[MATERIALS PROVIDED — start]
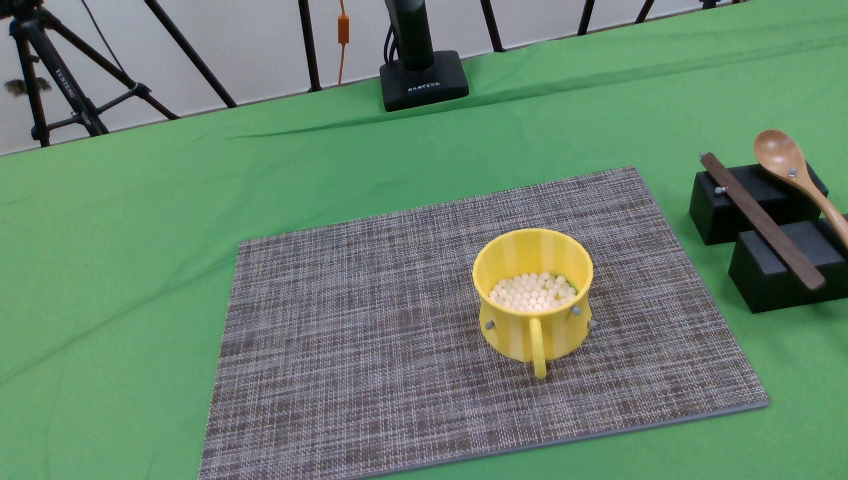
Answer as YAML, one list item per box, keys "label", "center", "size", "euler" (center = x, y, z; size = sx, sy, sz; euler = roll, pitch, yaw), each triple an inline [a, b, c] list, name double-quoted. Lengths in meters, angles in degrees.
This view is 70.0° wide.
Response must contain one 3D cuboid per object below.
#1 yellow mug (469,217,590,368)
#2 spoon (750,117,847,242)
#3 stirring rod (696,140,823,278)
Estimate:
- label: "yellow mug"
  center: [0.092, 0.047, 0.514]
  size: [0.100, 0.064, 0.129]
  euler: [-5, 46, 8]
- label: "spoon"
  center: [0.333, -0.040, 0.513]
  size: [0.041, 0.022, 0.191]
  euler: [-10, 47, 2]
- label: "stirring rod"
  center: [0.282, -0.034, 0.522]
  size: [0.014, 0.006, 0.174]
  euler: [-42, 39, 25]
[MATERIALS PROVIDED — finish]
WHAT TO WORK ON »
Exclude the pictures, then write out every record exactly as it stands.

TASK OUTPUT »
Answer as YAML, one list item per box, keys "label", "center", "size", "euler" (center = x, y, z; size = sx, sy, sz; euler = roll, pitch, yaw), each triple an inline [a, b, c] list, name double-quoted. Lengths in meters, angles in degrees.
This view is 70.0° wide.
Response must contain one 3D cuboid per object below.
#1 yellow mug (469,217,590,368)
#2 spoon (750,117,847,242)
#3 stirring rod (696,140,823,278)
Estimate:
- label: "yellow mug"
  center: [0.092, 0.047, 0.514]
  size: [0.100, 0.064, 0.129]
  euler: [-5, 46, 8]
- label: "spoon"
  center: [0.333, -0.040, 0.513]
  size: [0.041, 0.022, 0.191]
  euler: [-10, 47, 2]
- label: "stirring rod"
  center: [0.282, -0.034, 0.522]
  size: [0.014, 0.006, 0.174]
  euler: [-42, 39, 25]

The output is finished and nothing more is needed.